So I never really fully read your first post.
Here is my opinion:
Quote:
I need to access any given room by its element name (instead of iterating the entire Map looking for a property matching a search term)..
You can do this with maps.
Iterating through a Linked List of 10.000 rooms will probably still be fast enough.
Also it can be done while still in the room. For example you have 3 exits then you search the roomlist for the three rooms behind each door upon entering the room.
If you use the mainloop for this instead of a dedicated ForEach-Loop you won't experience any lag. It's just background stuff.
I wouldn't store the objects in a room in a string but in a LinkedList.
You'd have to parse the string two times, if you want to add, delete or change an object.
Code:
Structure room
description.s
List objects.objectProperty()
List exits.exitProperty()
EndStructure
NewMap rooms.room()
With rooms("1x1")
\description = "You're standing in a small room with no windows. "
AddElement(\objects())
\objects()\name = "candle"
AddElement(\exits())
exits()\direction = "south"
EndWith
Parser, again: All commands are imperative and follow the following structure:
VERB (((adjective) SUBJECT) (adjective) SUBJECT)
You have to know your verbs. You have to know what the player could possible type.
You need a list of those verbs. (I never played a game like this, but maybe you have list of commands in the manual. So someting like "polish the mirror" would never occur, but only "clean" for example...)
It can't work when you only have "walk" on the list and the player types "Go north!"
Then you have a list of everything in the inventory and everything in the room (that's why those objects need to be stored in a list rather than a string).
Now you create a command-chain for every command.
PUT What? Where?
You'll need to check the list for of objects for nouns.
Again: The player can't use "backpack" when you use "bag". Except if they have the same ID.
"put my sword in my green pack"
We get: "PUT SWORD PACK"
Now it could be that there are two swords. Either in the room. Or one is in the room and one is already in the inventory/pack or you're holding it.
If there are two swords in the room you'll move one of them to the pack -> "You took 1 sword (One remains on the wall over the fireplace)"

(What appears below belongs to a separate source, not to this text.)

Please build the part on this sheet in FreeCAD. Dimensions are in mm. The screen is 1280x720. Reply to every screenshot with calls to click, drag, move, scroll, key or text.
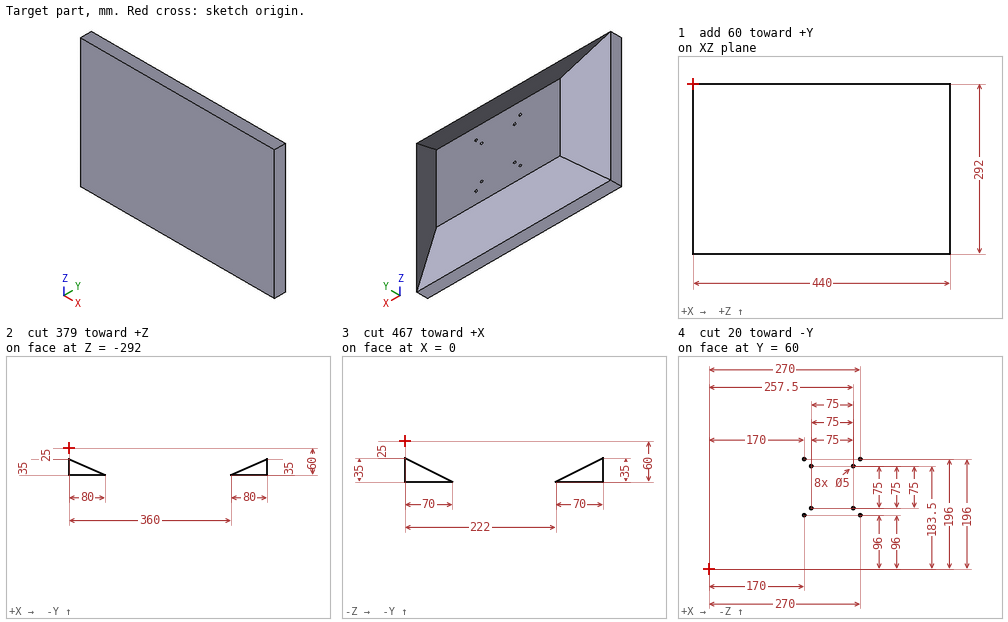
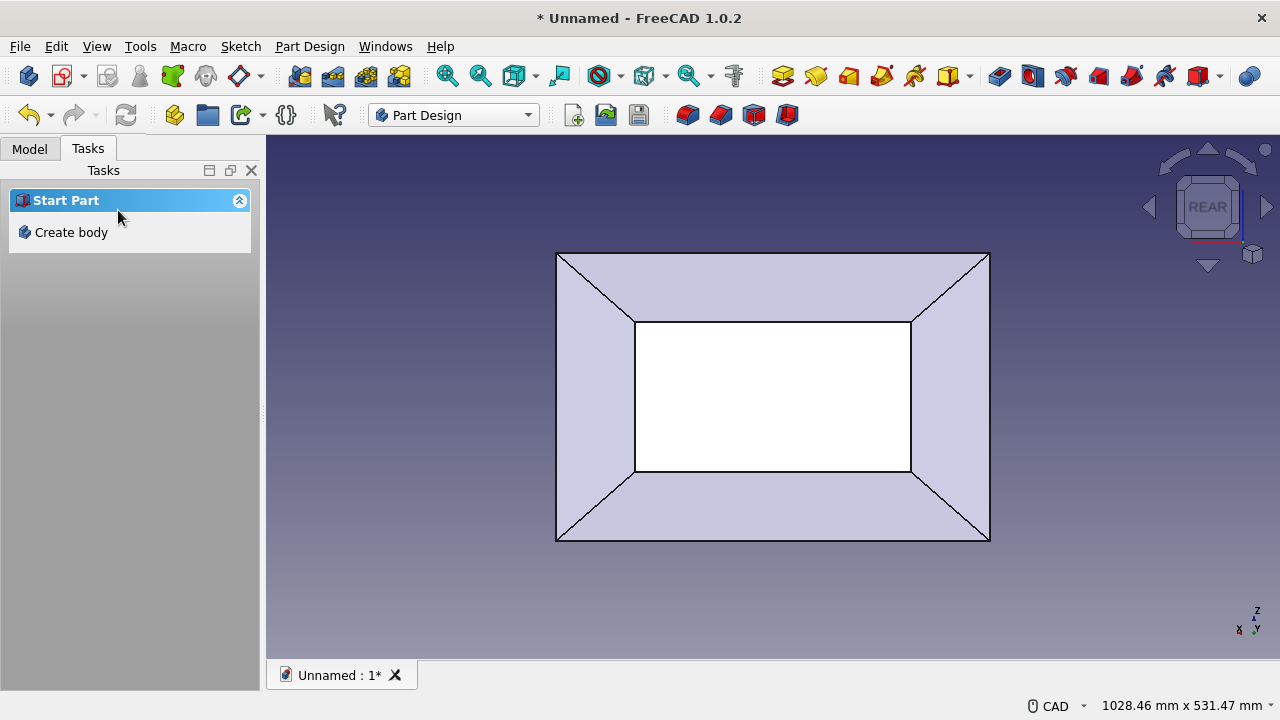
click(734, 396)

If there's one in the room and you are holding one we have to look for an adjective. In this case "My". It's not an adjective but a pronomen, but it has the same purpose. It further describes our object.
So my put the sword, we're holding in our hand into our pack.
If there's no adjective we do nothing and just say: "I'm confused..."
Same goes for "my sword" and we don't have a sword. Then the player is confused.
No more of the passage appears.